→ ASSIGNMENT
Please write out all of the entries beneath this line exactly, skipping the pictures.

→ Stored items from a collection
· · · ·
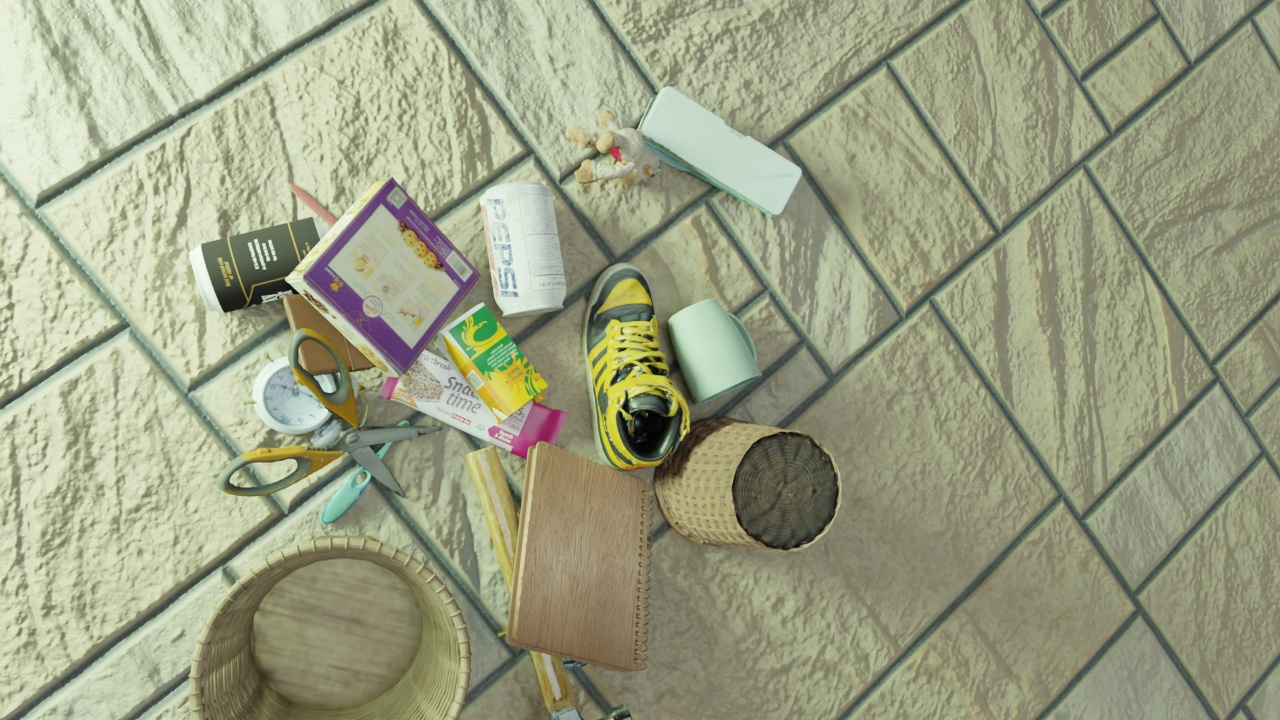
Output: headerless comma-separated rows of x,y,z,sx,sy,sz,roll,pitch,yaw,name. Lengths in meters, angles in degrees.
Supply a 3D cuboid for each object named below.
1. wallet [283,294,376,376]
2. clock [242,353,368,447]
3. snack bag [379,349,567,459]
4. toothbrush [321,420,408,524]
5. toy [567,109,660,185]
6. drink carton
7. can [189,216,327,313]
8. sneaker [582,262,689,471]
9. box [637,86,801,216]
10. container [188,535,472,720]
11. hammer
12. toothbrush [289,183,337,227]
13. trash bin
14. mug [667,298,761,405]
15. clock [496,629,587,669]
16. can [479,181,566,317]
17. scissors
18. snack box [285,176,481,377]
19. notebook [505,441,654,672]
-0.298,-0.031,0.942,0.120,0.013,0.087,-10,79,-45,wallet
-0.337,0.040,0.936,0.117,0.057,0.083,24,80,-22,clock
-0.180,0.049,1.004,0.196,0.016,0.070,27,78,-14,snack bag
-0.289,0.117,0.966,0.022,0.017,0.135,41,76,-15,toothbrush
-0.024,-0.236,1.048,0.105,0.074,0.085,16,38,-35,toy
-0.159,0.006,0.987,0.058,0.041,0.122,-39,92,-27,drink carton
-0.375,-0.096,0.923,0.128,0.072,0.072,-18,92,-17,can
-0.006,0.006,1.004,0.086,0.122,0.238,-3,89,-19,sneaker
0.093,-0.243,1.085,0.199,0.071,0.084,26,61,-16,box
-0.284,0.270,0.866,0.226,0.196,0.227,1,87,-17,container
-0.117,0.250,0.945,0.132,0.033,0.330,-18,88,-14,hammer
-0.302,-0.123,0.977,0.184,0.016,0.015,43,69,-9,toothbrush
0.118,0.136,0.989,0.151,0.210,0.151,1,88,-17,trash bin
0.090,-0.015,1.063,0.111,0.084,0.104,-16,79,-45,mug
-0.075,0.257,1.004,0.117,0.060,0.161,36,76,-11,clock
-0.126,-0.120,0.996,0.078,0.078,0.136,-9,90,-17,can
-0.304,0.064,0.912,0.224,0.016,0.226,-10,115,-31,scissors
-0.255,-0.084,0.930,0.143,0.041,0.147,51,57,-31,snack box
-0.055,0.207,0.965,0.169,0.022,0.210,26,53,-33,notebook
· · · ·
→ ANSWER TO THE PROBLEM
Output: headerless comma-separated rows of x,y,z,sx,sy,sz,roll,pitch,yaw,name. Lengths in meters, angles in degrees.
Supply a 3D cuboid for each object named below.
1. wallet [283,294,376,376]
2. clock [242,353,368,447]
3. snack bag [379,349,567,459]
4. toothbrush [321,420,408,524]
5. toy [567,109,660,185]
6. drink carton
7. can [189,216,327,313]
8. sneaker [582,262,689,471]
9. box [637,86,801,216]
10. container [188,535,472,720]
11. hammer
12. toothbrush [289,183,337,227]
13. trash bin
14. mug [667,298,761,405]
15. clock [496,629,587,669]
16. can [479,181,566,317]
17. scissors
18. snack box [285,176,481,377]
19. notebook [505,441,654,672]
-0.298,-0.031,0.942,0.120,0.013,0.087,-10,79,-45,wallet
-0.337,0.040,0.936,0.117,0.057,0.083,24,80,-22,clock
-0.180,0.049,1.004,0.196,0.016,0.070,27,78,-14,snack bag
-0.289,0.117,0.966,0.022,0.017,0.135,41,76,-15,toothbrush
-0.024,-0.236,1.048,0.105,0.074,0.085,16,38,-35,toy
-0.159,0.006,0.987,0.058,0.041,0.122,-39,92,-27,drink carton
-0.375,-0.096,0.923,0.128,0.072,0.072,-18,92,-17,can
-0.006,0.006,1.004,0.086,0.122,0.238,-3,89,-19,sneaker
0.093,-0.243,1.085,0.199,0.071,0.084,26,61,-16,box
-0.284,0.270,0.866,0.226,0.196,0.227,1,87,-17,container
-0.117,0.250,0.945,0.132,0.033,0.330,-18,88,-14,hammer
-0.302,-0.123,0.977,0.184,0.016,0.015,43,69,-9,toothbrush
0.118,0.136,0.989,0.151,0.210,0.151,1,88,-17,trash bin
0.090,-0.015,1.063,0.111,0.084,0.104,-16,79,-45,mug
-0.075,0.257,1.004,0.117,0.060,0.161,36,76,-11,clock
-0.126,-0.120,0.996,0.078,0.078,0.136,-9,90,-17,can
-0.304,0.064,0.912,0.224,0.016,0.226,-10,115,-31,scissors
-0.255,-0.084,0.930,0.143,0.041,0.147,51,57,-31,snack box
-0.055,0.207,0.965,0.169,0.022,0.210,26,53,-33,notebook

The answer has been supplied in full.